WORK TO BE COMPLETED -
In how many lines of the records does the word "format" appear? Reply with the number and nothing else.

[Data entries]
**********
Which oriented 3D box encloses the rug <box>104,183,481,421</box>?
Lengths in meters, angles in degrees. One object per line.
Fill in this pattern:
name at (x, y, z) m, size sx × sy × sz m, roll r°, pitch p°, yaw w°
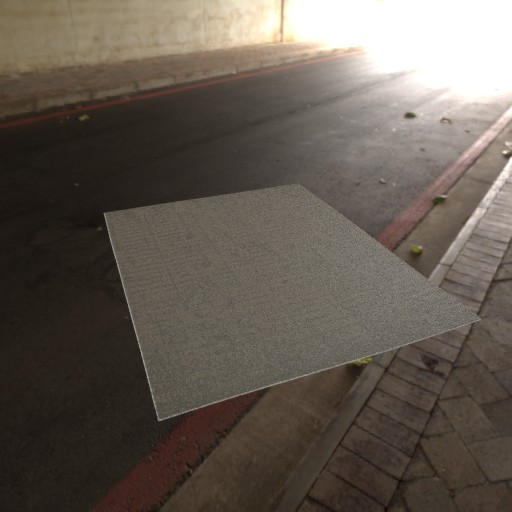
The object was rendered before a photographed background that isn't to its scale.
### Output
rug at (0.000, 0.000, 4.143) m, size 2.447 × 0.014 × 3.061 m, roll -12°, pitch 32°, yaw -19°
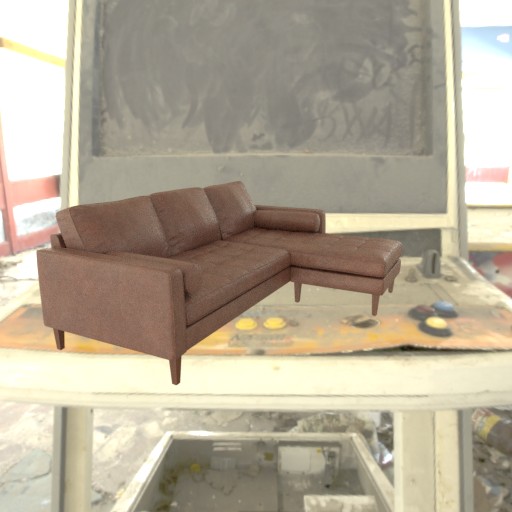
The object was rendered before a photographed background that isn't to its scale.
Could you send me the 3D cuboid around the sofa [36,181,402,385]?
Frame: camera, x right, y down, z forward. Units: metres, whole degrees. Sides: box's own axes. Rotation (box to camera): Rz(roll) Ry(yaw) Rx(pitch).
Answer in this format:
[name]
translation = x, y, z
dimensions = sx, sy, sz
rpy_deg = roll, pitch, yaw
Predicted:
[sofa]
translation = 0.000, 0.000, 3.018
dimensions = 1.613, 0.841, 2.185
rpy_deg = 7, 16, 27
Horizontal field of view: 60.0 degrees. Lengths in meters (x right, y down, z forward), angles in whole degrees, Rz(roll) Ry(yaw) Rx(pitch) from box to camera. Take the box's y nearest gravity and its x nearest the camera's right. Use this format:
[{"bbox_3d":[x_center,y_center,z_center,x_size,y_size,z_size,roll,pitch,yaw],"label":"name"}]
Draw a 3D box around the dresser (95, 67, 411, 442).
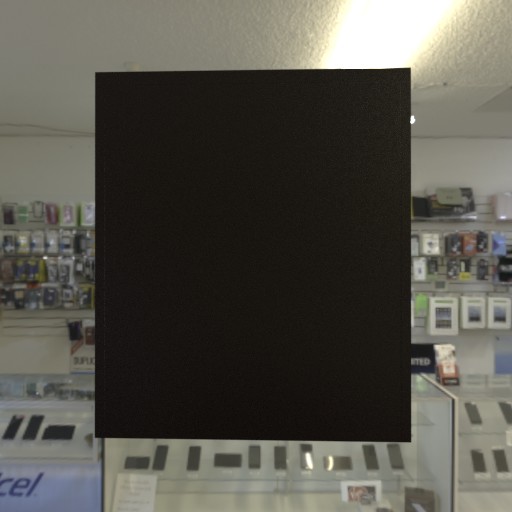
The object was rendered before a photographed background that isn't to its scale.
**********
FINISHED EXERCISE -
2